BEGIN

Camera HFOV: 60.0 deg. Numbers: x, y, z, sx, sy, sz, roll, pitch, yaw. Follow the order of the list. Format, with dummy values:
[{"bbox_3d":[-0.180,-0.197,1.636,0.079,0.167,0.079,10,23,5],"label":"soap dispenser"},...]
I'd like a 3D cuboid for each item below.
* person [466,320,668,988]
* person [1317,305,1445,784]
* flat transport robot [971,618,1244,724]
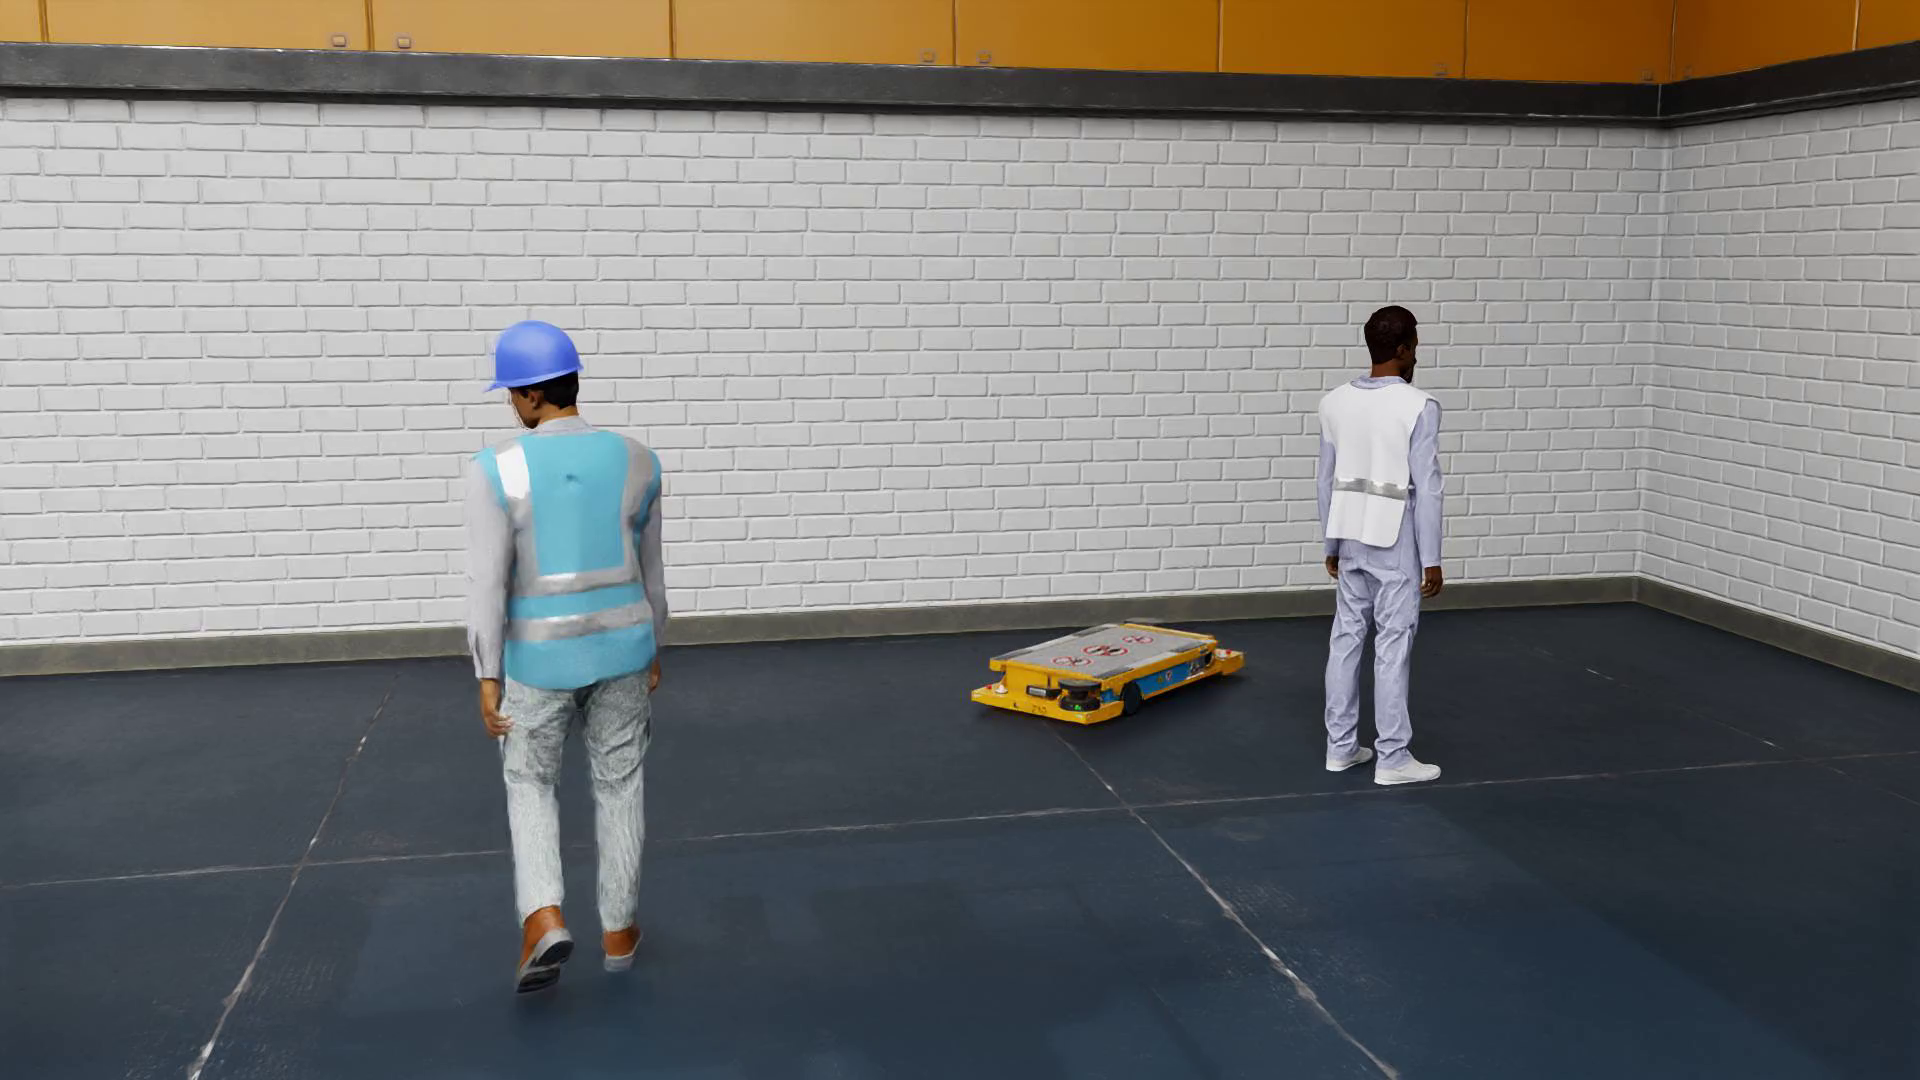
[{"bbox_3d":[-1.100,0.337,4.787,0.598,1.925,0.545,-4,10,-24],"label":"person"},{"bbox_3d":[1.685,0.023,6.707,0.391,1.920,0.587,-7,12,-36],"label":"person"},{"bbox_3d":[0.747,0.615,8.108,0.652,0.197,1.431,7,12,38],"label":"flat transport robot"}]

END

§ EXERCISE GOAL
All of the records above should be reproduced exactly, with the pictures left out.

§ ANSWER AREA
Camera HFOV: 60.0 deg. Numbers: x, y, z, sx, sy, sz, roll, pitch, yaw. Follow the order of the list. Format, with dummy values:
[{"bbox_3d":[-0.180,-0.197,1.636,0.079,0.167,0.079,10,23,5],"label":"soap dispenser"},...]
I'd like a 3D cuboid for each item below.
* person [466,320,668,988]
* person [1317,305,1445,784]
* flat transport robot [971,618,1244,724]
[{"bbox_3d":[-1.100,0.337,4.787,0.598,1.925,0.545,-4,10,-24],"label":"person"},{"bbox_3d":[1.685,0.023,6.707,0.391,1.920,0.587,-7,12,-36],"label":"person"},{"bbox_3d":[0.747,0.615,8.108,0.652,0.197,1.431,7,12,38],"label":"flat transport robot"}]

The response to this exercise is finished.